そばを食い始める。そして、母ちゃんたちはつよをちゃんと入れろ、遠慮すんなと語りかけてくる。いわき市民はとにかくつよが好きな民族だ。ラーメン屋のつよは、多くの店でひったひた。ちょっとしょっぱめのつよを遠慮なく頂くのが流儀である。
つゆではない。お・つ・よ。
「つよ」という言葉を使うのは、母ちゃんと相場が決まっている。うちの父は、ラーメンは「スープ」だし、そばは「つゆ」。けれど母ちゃんはラーメンもそばもうどんも全部「つよ」。つまり「つよ」は、ぼくにとっては母親の象徴なのである。
つどいの場の、まだ3回くらいしか会ったことのない母ちゃんの口から出てきた「つよ」。それは、人と人の距離を縮めるには十分すぎる、なんというか、魔法のような言葉だ。思わず、いごくチームのメンバーと顔を見せ合って、「つよ、出た!」、「なんで母ちゃんって『つよ』なんだ!」という話題でひとしきり盛り上がった。
つよは、いつだって家庭にある。
セミの声が聞こえるような暑い夏の土曜日に、「もう飽きたっつーの!」「なんで年寄りはそんなにそうめんばっか食ってんだ!」とブチ切れながら食べた冷たいそうめん。テスト前の一夜漬けの勉強の後、「うでだ(茹でた)がら食べな」と部屋まで持ってきてくれた、シンプルなそば(具は刻んだネギだけ)。下痢が続いて食欲が出ないときに、適当に冷凍庫に入ってたやつで作ってくれたうどん。
つよは、母の優しさに包まれている。そしていつも、少しだけ押し付けがましい。だけれど、その押し付けがましさこそ、母の愛というものなのだろう。そうめんも、そばも、うどんも、みな猛烈な懐かしさとともに思い出される。

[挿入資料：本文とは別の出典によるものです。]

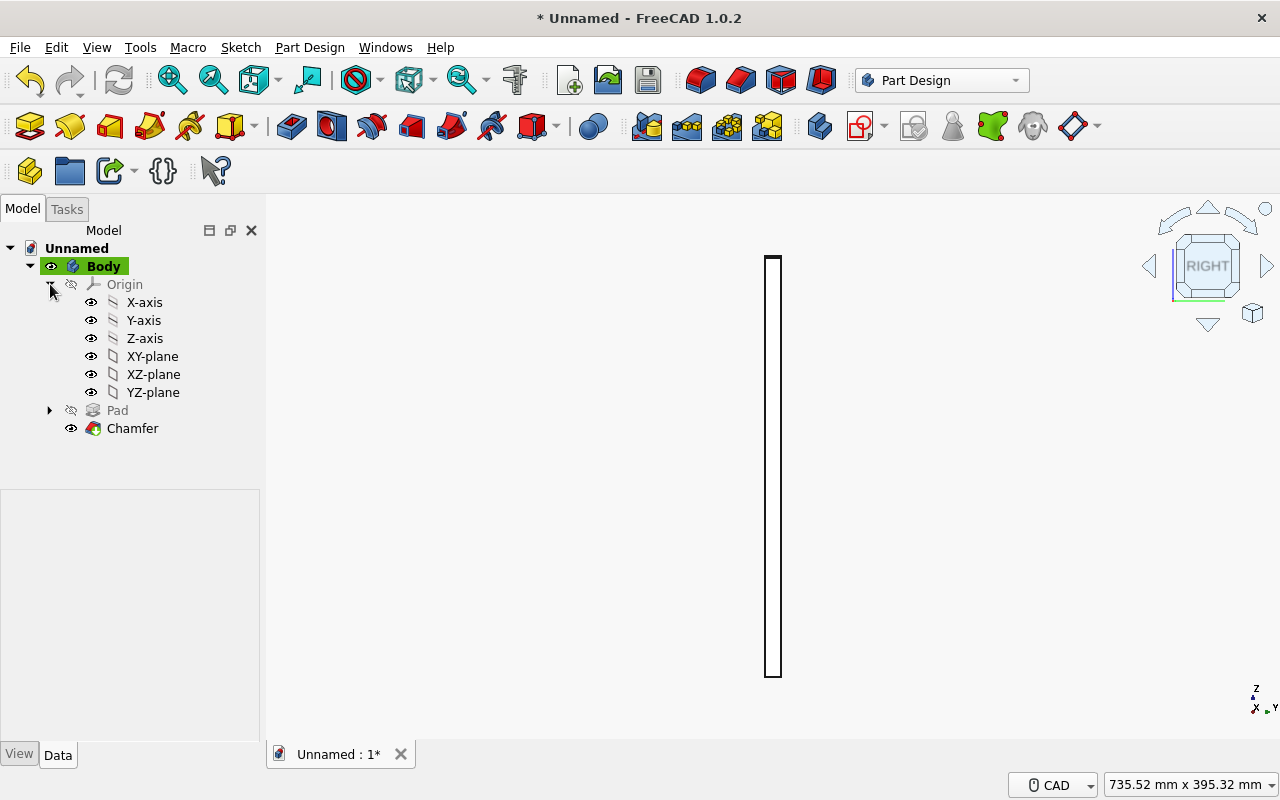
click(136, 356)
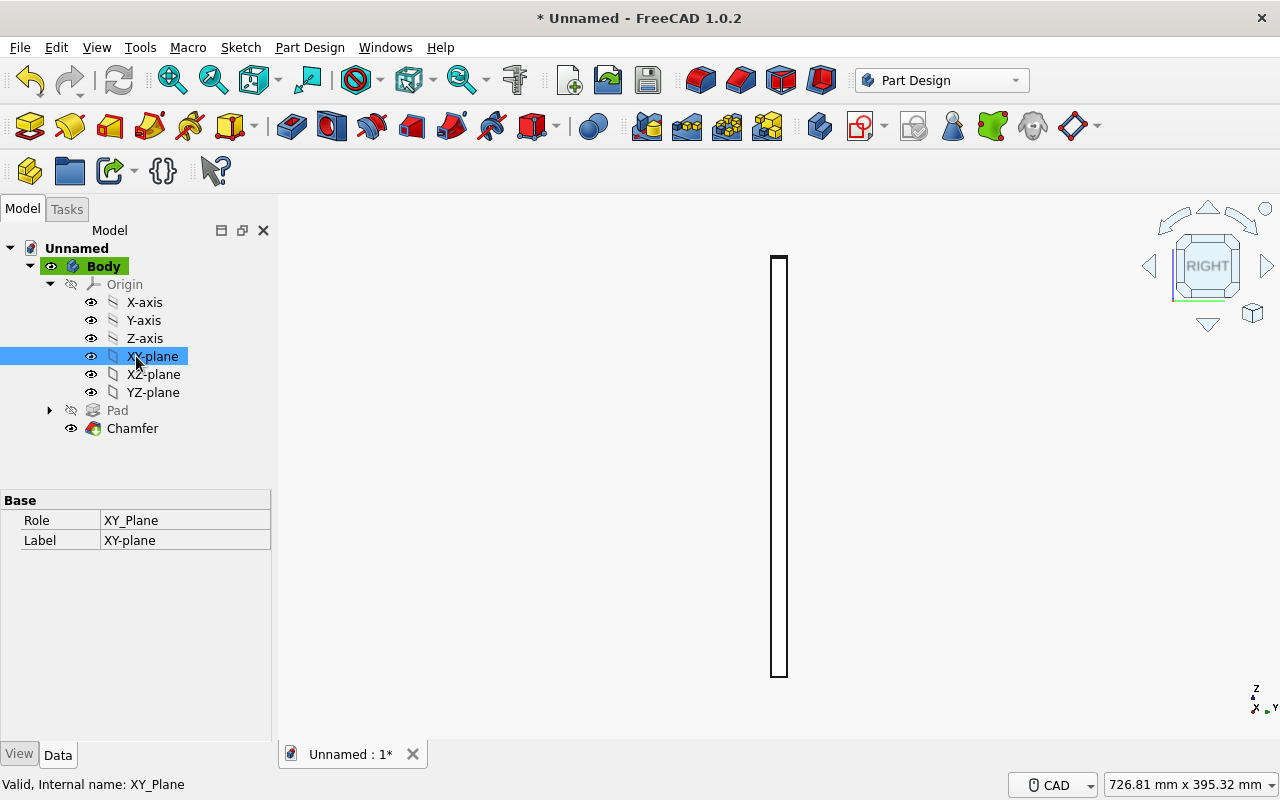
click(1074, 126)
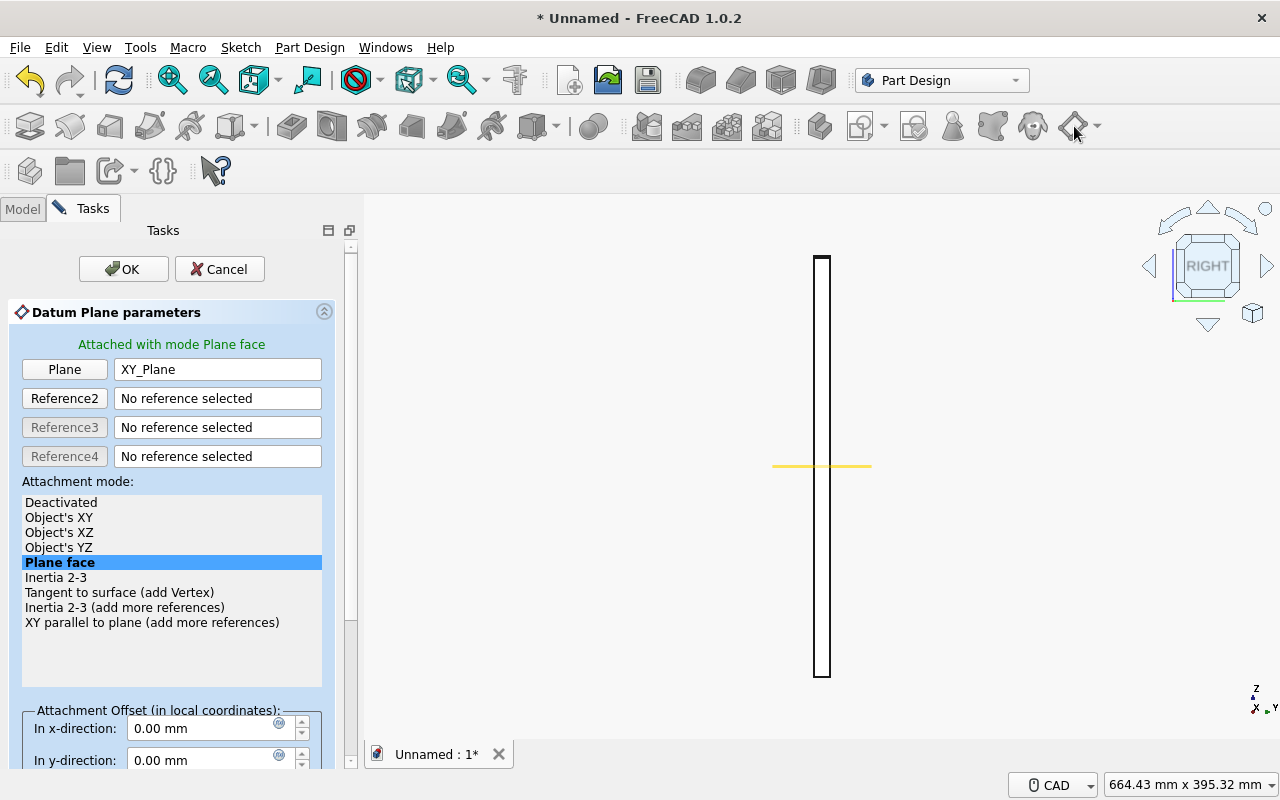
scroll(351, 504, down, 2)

そんな神妙な気持ちでそばをすする。好間の母ちゃんたちは、まだせっせと働きながら、適当に余り物をつまみ、噂話をしたり、昔の話をしてゲラゲラと笑っているのだった。
つよ。
うん。それでいい。こうでなくては。
ぼくの腹は大量のつよでタプタプしている。それなのに、ジャガイモの煮っ転がしを押し付けられる。そして、余ったそばがきもある。そばがきの器からは、うまそうな湯気が上がっている。そのつよは熱く、そして野菜の煮たような甘みが存分に感じられて、胃の中にストンとおさまった。
玄関から、風が優しく吹き込んでくる。ぼくは、ふーーーーっと息を吐いて、そして、うん、うん、とうなづいた。特段何かを考えたわけじゃない。過ごした時間が、何かとてもこの空間にふさわしいような気がして、なぜかとても深く納得できたのだった。
もう一度、玄関から涼しげな風が吹いてきた。なぜ母ちゃんたちは「つよ」と呼ぶのか。そんなことは、もうどうでもよくなって、ぼくはまた、うん、うん、とうなづき、撮影の仕事に戻った。